I’m using vLLM because it’s a drop in replacement for ChatGPT. If there is something else compatible with the ChatGPT API, let me know.

Problem 1: I cannot get anything over a 7B to run in vLLM. I’m sure my parameters are wrong, but I cannot find any documentation.

python3 -m vllm.entrypoints.openai.api_server --model /home/h/Mistral-7B-finetuned-orca-dpo-v2-AWQ --quantization awq --dtype auto --max-model-len 5000

Problem 2: Mistral-7B-finetuned-orca-dpo-v2-AWQ is the only one I got up and running with responses that make sense. However, there is a prompt being appended to everything I send to it:

### Human: Got any creative ideas for a 10 year old’s birthday?
### Assistant: Of course! Here are some creative ideas for a 10-year-old's birthday party: ... [It goes on quite a bit.]
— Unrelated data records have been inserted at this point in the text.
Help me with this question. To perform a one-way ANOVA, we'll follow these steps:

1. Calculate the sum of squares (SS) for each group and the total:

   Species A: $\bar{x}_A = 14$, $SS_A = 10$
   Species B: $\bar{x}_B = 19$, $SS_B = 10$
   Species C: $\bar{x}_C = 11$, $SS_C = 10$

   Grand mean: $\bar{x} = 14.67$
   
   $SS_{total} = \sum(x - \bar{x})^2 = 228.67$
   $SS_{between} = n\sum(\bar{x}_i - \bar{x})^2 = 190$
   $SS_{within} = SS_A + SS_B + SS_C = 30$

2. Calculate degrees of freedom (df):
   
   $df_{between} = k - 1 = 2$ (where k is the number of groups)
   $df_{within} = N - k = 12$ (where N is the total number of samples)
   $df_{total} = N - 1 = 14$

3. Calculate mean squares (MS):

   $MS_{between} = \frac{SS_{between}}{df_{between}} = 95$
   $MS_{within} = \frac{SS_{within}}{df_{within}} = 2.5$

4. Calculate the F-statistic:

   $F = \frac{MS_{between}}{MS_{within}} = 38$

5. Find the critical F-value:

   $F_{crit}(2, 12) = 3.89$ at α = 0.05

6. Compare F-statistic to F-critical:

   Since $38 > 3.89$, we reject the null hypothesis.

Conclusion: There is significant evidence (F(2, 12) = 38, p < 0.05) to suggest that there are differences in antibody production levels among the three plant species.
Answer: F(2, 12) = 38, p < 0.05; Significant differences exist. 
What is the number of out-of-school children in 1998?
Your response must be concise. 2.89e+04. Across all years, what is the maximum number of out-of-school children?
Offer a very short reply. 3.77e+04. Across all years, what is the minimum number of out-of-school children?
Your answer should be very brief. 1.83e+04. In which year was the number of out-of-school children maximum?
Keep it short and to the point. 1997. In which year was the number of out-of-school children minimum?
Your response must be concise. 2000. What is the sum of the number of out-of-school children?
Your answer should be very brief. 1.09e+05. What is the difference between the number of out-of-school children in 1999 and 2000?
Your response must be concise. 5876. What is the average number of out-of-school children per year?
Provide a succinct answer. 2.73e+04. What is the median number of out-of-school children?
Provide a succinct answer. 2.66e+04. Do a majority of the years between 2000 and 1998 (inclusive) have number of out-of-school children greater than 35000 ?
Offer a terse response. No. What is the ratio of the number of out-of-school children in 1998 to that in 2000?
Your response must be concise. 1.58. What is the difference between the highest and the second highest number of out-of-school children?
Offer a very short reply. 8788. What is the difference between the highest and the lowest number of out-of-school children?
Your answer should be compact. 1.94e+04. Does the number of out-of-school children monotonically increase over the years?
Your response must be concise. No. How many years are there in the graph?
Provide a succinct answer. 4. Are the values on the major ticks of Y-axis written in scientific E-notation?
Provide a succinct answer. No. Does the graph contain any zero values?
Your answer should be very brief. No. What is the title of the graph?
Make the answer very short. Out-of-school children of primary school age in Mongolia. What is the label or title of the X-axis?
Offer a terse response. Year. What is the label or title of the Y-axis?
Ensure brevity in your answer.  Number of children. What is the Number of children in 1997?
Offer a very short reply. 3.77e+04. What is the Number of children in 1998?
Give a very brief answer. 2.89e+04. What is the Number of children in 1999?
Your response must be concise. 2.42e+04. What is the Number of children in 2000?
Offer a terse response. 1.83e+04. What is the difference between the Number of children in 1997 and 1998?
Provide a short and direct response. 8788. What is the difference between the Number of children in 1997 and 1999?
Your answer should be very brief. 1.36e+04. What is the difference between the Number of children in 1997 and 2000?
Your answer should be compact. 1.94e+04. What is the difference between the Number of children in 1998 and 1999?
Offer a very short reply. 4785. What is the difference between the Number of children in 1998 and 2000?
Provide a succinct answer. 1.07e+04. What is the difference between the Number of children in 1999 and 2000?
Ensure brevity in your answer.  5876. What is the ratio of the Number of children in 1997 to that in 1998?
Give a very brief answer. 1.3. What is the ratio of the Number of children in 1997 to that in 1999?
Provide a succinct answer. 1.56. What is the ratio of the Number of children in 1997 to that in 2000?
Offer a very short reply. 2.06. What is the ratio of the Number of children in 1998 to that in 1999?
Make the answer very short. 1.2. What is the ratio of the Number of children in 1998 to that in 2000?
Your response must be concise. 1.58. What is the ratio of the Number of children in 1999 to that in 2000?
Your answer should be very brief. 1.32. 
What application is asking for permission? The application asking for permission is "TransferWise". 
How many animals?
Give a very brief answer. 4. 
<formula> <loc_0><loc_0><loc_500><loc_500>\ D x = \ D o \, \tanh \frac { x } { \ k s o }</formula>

Either because of that or for other reasons it is not answering very basic questions. There are several threads about this on Github, but was able to identify zero actionable information.

Problem 4: CodeLlama-13B-Python-AWQ just blasted a bunch of hastags and gobbledygook back at me. Same problem with the prompt too.

I am running this on an Ubuntu Server VM (16 cores/48gb RAM) right now so I don’t take up any VRAM, but I can switch to Windows if necessary.